[gmx-developers] Reproducible runs with DLB

Thu Jul 21 16:30:08 CEST 2011

On 22/07/2011 12:15 AM, Bogdan Costescu wrote:
> Dear GROMACS developers,
>
> I need to be able to restart from an earlier point in a simulation and
> exactly reproduce the original simulation while running in parallel
> with DD. Although I save the state of the simulation in a checkpoint
> file (using mdrun -cpnum), upon restart with the same number of ranks,
> there are differences, small at the beginning but which become larger
> later, which seem to appear due to the different DD cell sizes as they
> are modified by the dynamic load balancing (DLB). Turning DLB off
> (mdrun -dlb no) or running in reproducible mode (mdrun -reprod) makes
> the restart exactly reproduce the original (at least based on the
> criteria I'm interested in), however the run is significantly slower -
> the molecular system is not homogeneous, so DLB helps a lot in
> redistributing the calculations.
>
> If my understanding of the issue is correct, saving the state of the
> DD together with the checkpoint data and loading it upon restart would
> allow me to keep DLB enabled and exactly reproduce the original run.
> Is this so ?

Sounds right.

>   What are the difficulties in doing it ?
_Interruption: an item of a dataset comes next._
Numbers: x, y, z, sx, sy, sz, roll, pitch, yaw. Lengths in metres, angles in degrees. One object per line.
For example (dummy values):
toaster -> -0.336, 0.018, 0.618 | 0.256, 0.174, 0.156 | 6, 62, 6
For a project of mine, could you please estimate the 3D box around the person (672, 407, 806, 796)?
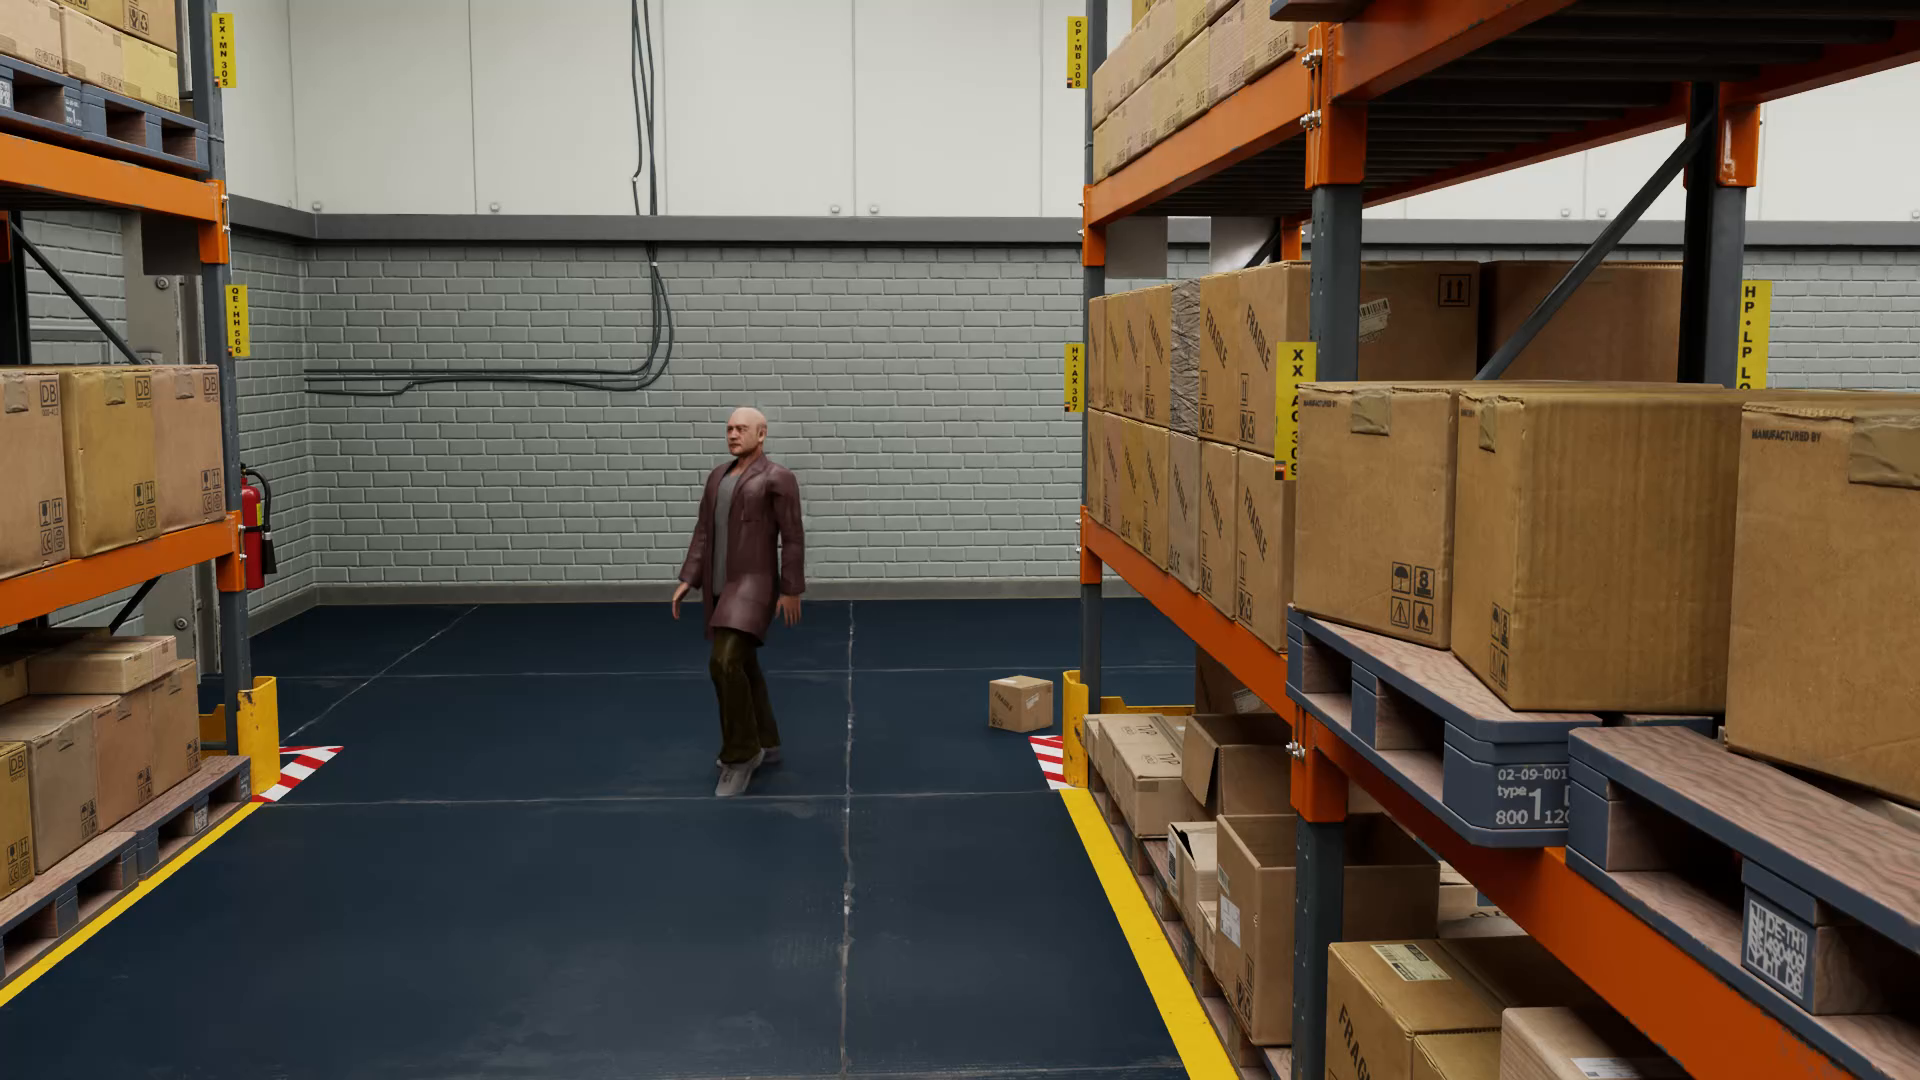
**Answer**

Extending the checkpoint file format is not programmer-friendly, never 
mind writing save-and-restore code for DD.

I suggest you look at the hidden options to mdrun that allow you to 
impose a particular DD grid that gives satisfactory performance. See 
"mdrun -h -hidden". You might have to reverse engineer how to use these 
from the code.

Mark

> If this is
> doable, is someone with a good understanding of DD willing to guide me
> in implementing it ? Of course, if someone with a good understanding
> of DD would be willing to implement it, I'd be more than glad to test
> it :-)
>
> Thanks in advance!
> Bogdan